As seen above, it can be useful to use the "special" sections of the config file to set some module-wide options. For example:

.. code-block:: yaml

    logging:
        # same arguments as python's logging.config.dictConfig
    xarray:
        keep_attrs: True
    xclim:
        metadata_locales:
            - fr
        check_missing: "skip"
    warning:
        # warning_category : filter_action
        all: ignore


Global warming dataset
----------------------
The :py:func:`xscen.extract.get_warming_level` and :py:func:`xscen.extract.subset_warming_level` functions use a custom made database of global temperature averages to find the global warming levels of known climate simulations. The database is stored as a netCDF file `inside the package itself <https://github.com/Ouranosinc/xscen/blob/main/xscen/data/IPCC_annual_global_tas.nc>`_. It stores the global temperature average (land and ocean) from 1850 to 2100 for multiple simulations (not all simulations cover the entire temporal range). Simulations are defined through 4 fields:

- ``mip_era`` : "CMIP6", "CMIP5" or "obs" (see below)
- ``source`` : The model name for GCM (same as the `source` column) and the driving model name for RCM (`driving_model` column)
- ``experiment`` : The CMIP experiment name of the run. The "historical" and "pre-industrial" experiments have been merged into each future experiment (similar to what ``match_hist_and_fut`` does in :py:func:`search_data_catalogs`)
- ``member`` : The realization variant label of the run (same as the `member` column)

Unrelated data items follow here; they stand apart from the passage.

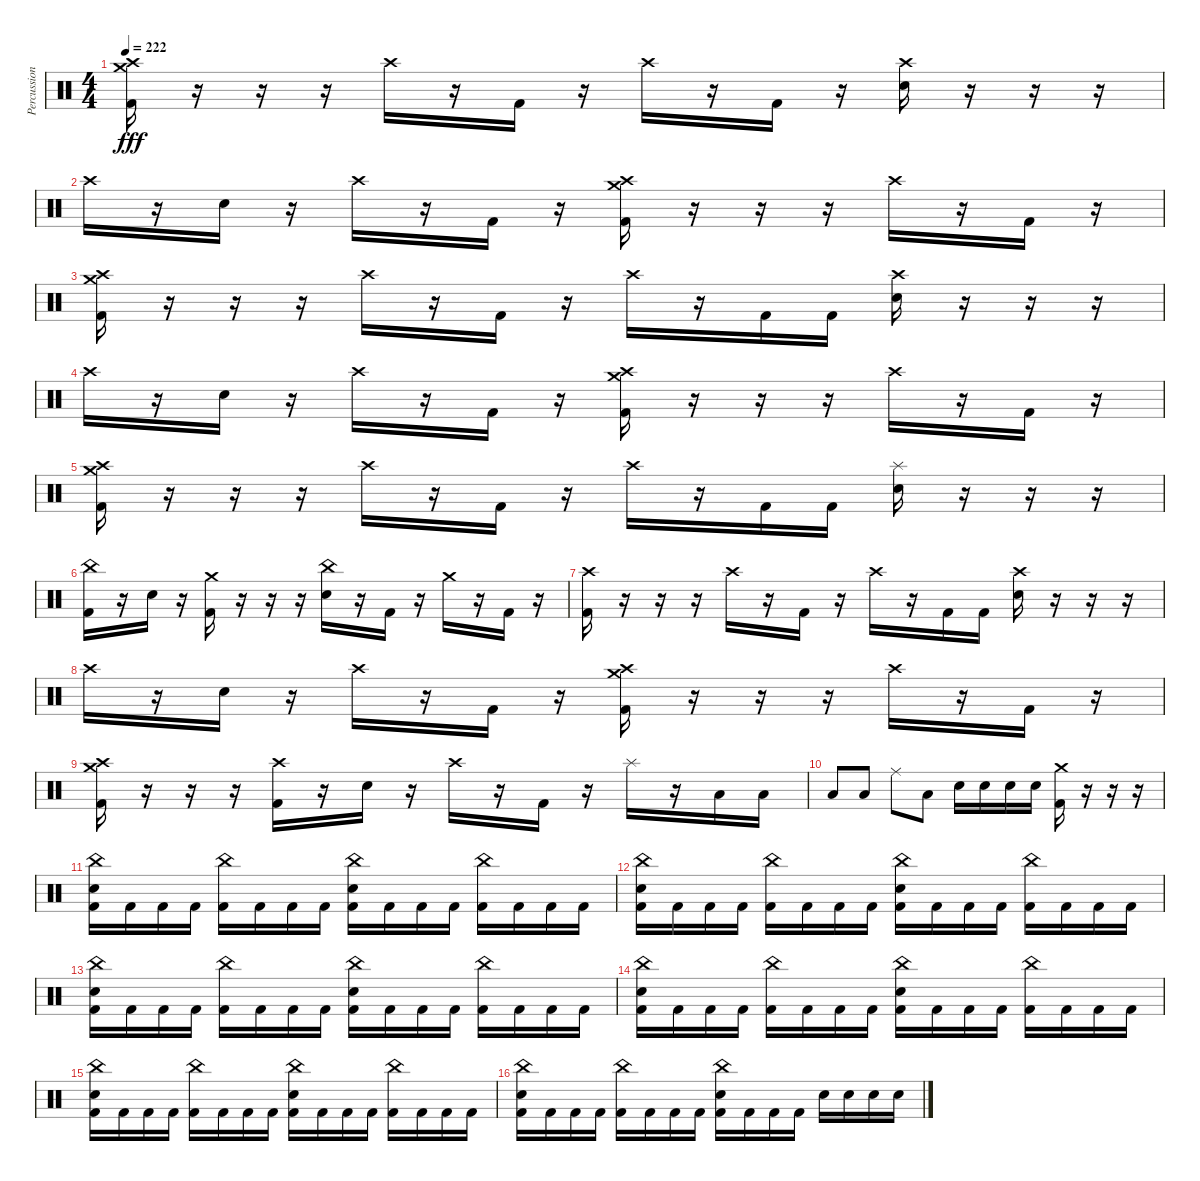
\track ("Percussion" "Percussion") {instrument percussion}
\staff {score}
\articulation defaults
\ts (4 4)
\tempo 222
\clef neutral
\ks c
("Kick (hit) 2" "Crash medium (hit)" "Crash high (hit)").16{dy fff} r.16 r.16 r.16 "Crash high (hit)".16 r.16 "Kick (hit) 2".16 r.16 "Crash high (hit)".16 r.16 "Kick (hit) 2".16 r.16 ("Electric Snare (hit)" "Crash high (hit)").16 r.16 r.16 r.16 |
"Crash high (hit)".16 r.16 "Electric Snare (hit)".16 r.16 "Crash high (hit)".16 r.16 "Kick (hit) 2".16 r.16 ("Kick (hit) 2" "Crash high (hit)" "Crash medium (hit)").16 r.16 r.16 r.16 "Crash high (hit)".16 r.16 "Kick (hit) 2".16 r.16 |
("Kick (hit) 2" "Crash medium (hit)" "Crash high (hit)").16 r.16 r.16 r.16 "Crash high (hit)".16 r.16 "Kick (hit) 2".16 r.16 "Crash high (hit)".16 r.16 "Kick (hit) 2".16 "Kick (hit) 2".16 ("Electric Snare (hit)" "Crash high (hit)").16 r.16 r.16 r.16 |
"Crash high (hit)".16 r.16 "Electric Snare (hit)".16 r.16 "Crash high (hit)".16 r.16 "Kick (hit) 2".16 r.16 ("Kick (hit) 2" "Crash high (hit)" "Crash medium (hit)").16 r.16 r.16 r.16 "Crash high (hit)".16 r.16 "Kick (hit) 2".16 r.16 |
("Kick (hit) 2" "Crash medium (hit)" "Crash high (hit)").16 r.16 r.16 r.16 "Crash high (hit)".16 r.16 "Kick (hit) 2".16 r.16 "Crash high (hit)".16 r.16 "Kick (hit) 2".16 "Kick (hit) 2".16 ("Electric Snare (hit)" "Splash (hit)").16 r.16 r.16 r.16 |
("Kick (hit) 2" "China (hit)").16 r.16 "Electric Snare (hit)".16 r.16 ("Kick (hit) 2" "Crash medium (hit)").16 r.16 r.16 r.16 ("Electric Snare (hit)" "China (hit)").16 r.16 "Kick (hit) 2".16 r.16 "Crash medium (hit)".16 r.16 "Kick (hit) 2".16 r.16 |
("Kick (hit) 2" "Crash high (hit)").16 r.16 r.16 r.16 "Crash high (hit)".16 r.16 "Kick (hit) 2".16 r.16 "Crash high (hit)".16 r.16 "Kick (hit) 2".16 "Kick (hit) 2".16 ("Electric Snare (hit)" "Crash high (hit)").16 r.16 r.16 r.16 |
"Crash high (hit)".16 r.16 "Electric Snare (hit)".16 r.16 "Crash high (hit)".16 r.16 "Kick (hit) 2".16 r.16 ("Kick (hit) 2" "Crash high (hit)" "Crash medium (hit)").16 r.16 r.16 r.16 "Crash high (hit)".16 r.16 "Kick (hit) 2".16 r.16 |
("Kick (hit) 2" "Crash medium (hit)" "Crash high (hit)").16 r.16 r.16 r.16 ("Kick (hit) 2" "Crash high (hit)").16 r.16 "Electric Snare (hit)".16 r.16 "Crash high (hit)".16 r.16 "Kick (hit) 2".16 r.16 "Splash (hit)".16 r.16 "Low Tom (hit)".16 "Low Tom (hit)".16 |
"Low Tom (hit)".8 "Low Tom (hit)".8 "Ride (middle)".8 "Low Tom (hit)".8 "Electric Snare (hit)".16 "Electric Snare (hit)".16 "Electric Snare (hit)".16 "Electric Snare (hit)".16 ("Kick (hit) 2" "Crash medium (hit)").16 r.16 r.16 r.16 |
("Kick (hit) 2" "Electric Snare (hit)" "China (hit)").16 "Kick (hit) 2".16 "Kick (hit) 2".16 "Kick (hit) 2".16 ("Kick (hit) 2" "China (hit)").16 "Kick (hit) 2".16 "Kick (hit) 2".16 "Kick (hit) 2".16 ("Kick (hit) 2" "Electric Snare (hit)" "China (hit)").16 "Kick (hit) 2".16 "Kick (hit) 2".16 "Kick (hit) 2".16 ("Kick (hit) 2" "China (hit)").16 "Kick (hit) 2".16 "Kick (hit) 2".16 "Kick (hit) 2".16 |
("Kick (hit) 2" "Electric Snare (hit)" "China (hit)").16 "Kick (hit) 2".16 "Kick (hit) 2".16 "Kick (hit) 2".16 ("Kick (hit) 2" "China (hit)").16 "Kick (hit) 2".16 "Kick (hit) 2".16 "Kick (hit) 2".16 ("Kick (hit) 2" "Electric Snare (hit)" "China (hit)").16 "Kick (hit) 2".16 "Kick (hit) 2".16 "Kick (hit) 2".16 ("Kick (hit) 2" "China (hit)").16 "Kick (hit) 2".16 "Kick (hit) 2".16 "Kick (hit) 2".16 |
("Kick (hit) 2" "Electric Snare (hit)" "China (hit)").16 "Kick (hit) 2".16 "Kick (hit) 2".16 "Kick (hit) 2".16 ("Kick (hit) 2" "China (hit)").16 "Kick (hit) 2".16 "Kick (hit) 2".16 "Kick (hit) 2".16 ("Kick (hit) 2" "Electric Snare (hit)" "China (hit)").16 "Kick (hit) 2".16 "Kick (hit) 2".16 "Kick (hit) 2".16 ("Kick (hit) 2" "China (hit)").16 "Kick (hit) 2".16 "Kick (hit) 2".16 "Kick (hit) 2".16 |
("Kick (hit) 2" "Electric Snare (hit)" "China (hit)").16 "Kick (hit) 2".16 "Kick (hit) 2".16 "Kick (hit) 2".16 ("Kick (hit) 2" "China (hit)").16 "Kick (hit) 2".16 "Kick (hit) 2".16 "Kick (hit) 2".16 ("Kick (hit) 2" "Electric Snare (hit)" "China (hit)").16 "Kick (hit) 2".16 "Kick (hit) 2".16 "Kick (hit) 2".16 ("Kick (hit) 2" "China (hit)").16 "Kick (hit) 2".16 "Kick (hit) 2".16 "Kick (hit) 2".16 |
("Kick (hit) 2" "Electric Snare (hit)" "China (hit)").16 "Kick (hit) 2".16 "Kick (hit) 2".16 "Kick (hit) 2".16 ("Kick (hit) 2" "China (hit)").16 "Kick (hit) 2".16 "Kick (hit) 2".16 "Kick (hit) 2".16 ("Kick (hit) 2" "Electric Snare (hit)" "China (hit)").16 "Kick (hit) 2".16 "Kick (hit) 2".16 "Kick (hit) 2".16 ("Kick (hit) 2" "China (hit)").16 "Kick (hit) 2".16 "Kick (hit) 2".16 "Kick (hit) 2".16 |
("Kick (hit) 2" "Electric Snare (hit)" "China (hit)").16 "Kick (hit) 2".16 "Kick (hit) 2".16 "Kick (hit) 2".16 ("Kick (hit) 2" "China (hit)").16 "Kick (hit) 2".16 "Kick (hit) 2".16 "Kick (hit) 2".16 ("Kick (hit) 2" "Electric Snare (hit)" "China (hit)").16 "Kick (hit) 2".16 "Kick (hit) 2".16 "Kick (hit) 2".16 "Electric Snare (hit)".16 "Electric Snare (hit)".16 "Electric Snare (hit)".16 "Electric Snare (hit)".16

An extra ``data_source`` field is also available and describes how the data has been obtained:

- "IPCC Atlas" : The timeseries was copied directly from the public data of the `IPCC Atlas <https://github.com/IPCC-WG1/Atlas/tree/main/datasets-aggregated-regionally/data>`_'
- "From Amon" : The monthly temperature average was resampled annually and averaged over the globe using a cos-lat weighting
- "From Amon with xscen" : Same, xscen was used to perform the computation.

In addition to the climate simulations, a few "observational" datasets are made available in the database. The choice of datasets and the methodology was adapted from the WMO's `State of the Global Climate 2021 <https://library.wmo.int/idurl/4/56300>`_. However, to have some consistency between these and the simulated series, an estimated 1850-1900 mean temperature was added to the WMO-compliant anomalies to get absolute values. Keep in mind that this is only an estimation, the timeseries should only be used to compute anomalies. The observational series have a short dataset name in the ``source`` field, "obs" in ``mip_era`` and ``experiment``,  and an empty ``member`` (`""`). The ``data_source`` is noted : "Computed following WMO guidelines".